EXERCISE OBJECTIVE: Return every line of the listing that includes the string "Crash".

::: DATA EXTRACT

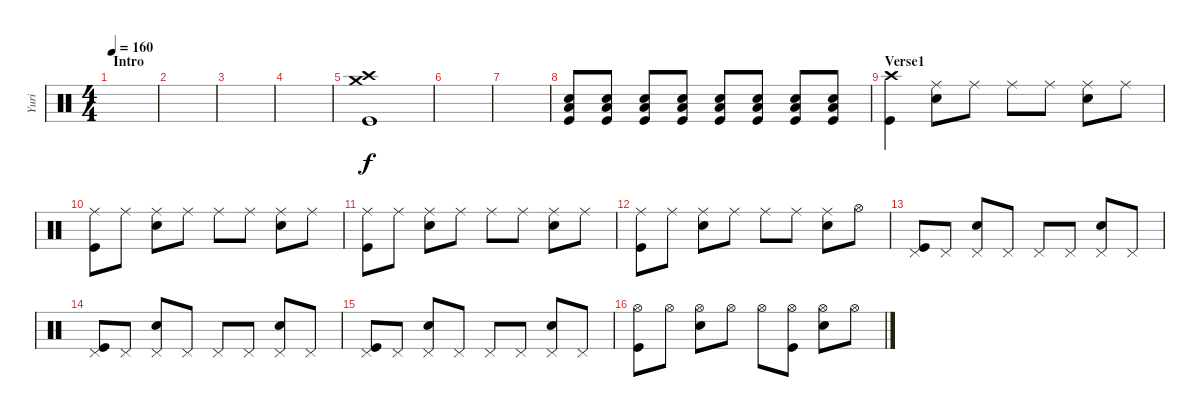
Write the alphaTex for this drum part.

\track ("Yuri" "Yuri") {instrument percussion}
\staff {score}
\articulation defaults
\ts (4 4)
\section ("" "Intro")
\tempo 160
\clef neutral
\ks c
|
|
|
|
("Crash high (hit)" "Crash medium (hit)" "Kick (hit)").1 |
|
|
("Low Tom (hit)" "Snare (hit) 2" "Kick (hit)").8 ("Low Tom (hit)" "Snare (hit) 2" "Kick (hit)").8 ("Low Tom (hit)" "Snare (hit) 2" "Kick (hit)").8 ("Low Tom (hit)" "Snare (hit) 2" "Kick (hit)").8 ("Low Tom (hit)" "Snare (hit) 2" "Kick (hit)").8 ("Low Tom (hit)" "Snare (hit) 2" "Kick (hit)").8 ("Low Tom (hit)" "Snare (hit) 2" "Kick (hit)").8 ("Low Tom (hit)" "Snare (hit) 2" "Kick (hit)").8 |
\section ("" "Verse1")
("Crash high (hit)" "Kick (hit)").4 ("Ride (middle)" "Snare (hit) 2").8 "Ride (middle)".8 "Ride (middle)".8 "Ride (middle)".8 ("Ride (middle)" "Snare (hit) 2").8 "Ride (middle)".8 |
("Ride (middle)" "Kick (hit)").8 "Ride (middle)".8 ("Ride (middle)" "Snare (hit) 2").8 "Ride (middle)".8 "Ride (middle)".8 "Ride (middle)".8 ("Ride (middle)" "Snare (hit) 2").8 "Ride (middle)".8 |
("Ride (middle)" "Kick (hit)").8 "Ride (middle)".8 ("Ride (middle)" "Snare (hit) 2").8 "Ride (middle)".8 "Ride (middle)".8 "Ride (middle)".8 ("Ride (middle)" "Snare (hit) 2").8 "Ride (middle)".8 |
("Ride (middle)" "Kick (hit)").8 "Ride (middle)".8 ("Ride (middle)" "Snare (hit) 2").8 "Ride (middle)".8 "Ride (middle)".8 "Ride (middle)".8 ("Ride (middle)" "Snare (hit) 2").8 "Hi-Hat (open)".8 |
("Pedal Hi-Hat (hit)" "Kick (hit)").8 "Pedal Hi-Hat (hit)".8 ("Pedal Hi-Hat (hit)" "Snare (hit) 2").8 "Pedal Hi-Hat (hit)".8 "Pedal Hi-Hat (hit)".8 "Pedal Hi-Hat (hit)".8 ("Pedal Hi-Hat (hit)" "Snare (hit) 2").8 "Pedal Hi-Hat (hit)".8 |
("Pedal Hi-Hat (hit)" "Kick (hit)").8 "Pedal Hi-Hat (hit)".8 ("Pedal Hi-Hat (hit)" "Snare (hit) 2").8 "Pedal Hi-Hat (hit)".8 "Pedal Hi-Hat (hit)".8 "Pedal Hi-Hat (hit)".8 ("Pedal Hi-Hat (hit)" "Snare (hit) 2").8 "Pedal Hi-Hat (hit)".8 |
("Pedal Hi-Hat (hit)" "Kick (hit)").8 "Pedal Hi-Hat (hit)".8 ("Pedal Hi-Hat (hit)" "Snare (hit) 2").8 "Pedal Hi-Hat (hit)".8 "Pedal Hi-Hat (hit)".8 "Pedal Hi-Hat (hit)".8 ("Pedal Hi-Hat (hit)" "Snare (hit) 2").8 "Pedal Hi-Hat (hit)".8 |
("Hi-Hat (open)" "Kick (hit)").8 "Hi-Hat (open)".8 ("Hi-Hat (open)" "Snare (hit) 2").8 "Hi-Hat (open)".8 "Hi-Hat (open)".8 ("Hi-Hat (open)" "Kick (hit)").8 ("Hi-Hat (open)" "Snare (hit) 2").8 "Hi-Hat (open)".8

::::::

ANSWER FOR THE TASK:
("Crash high (hit)" "Crash medium (hit)" "Kick (hit)").1 |
("Crash high (hit)" "Kick (hit)").4 ("Ride (middle)" "Snare (hit) 2").8 "Ride (middle)".8 "Ride (middle)".8 "Ride (middle)".8 ("Ride (middle)" "Snare (hit) 2").8 "Ride (middle)".8 |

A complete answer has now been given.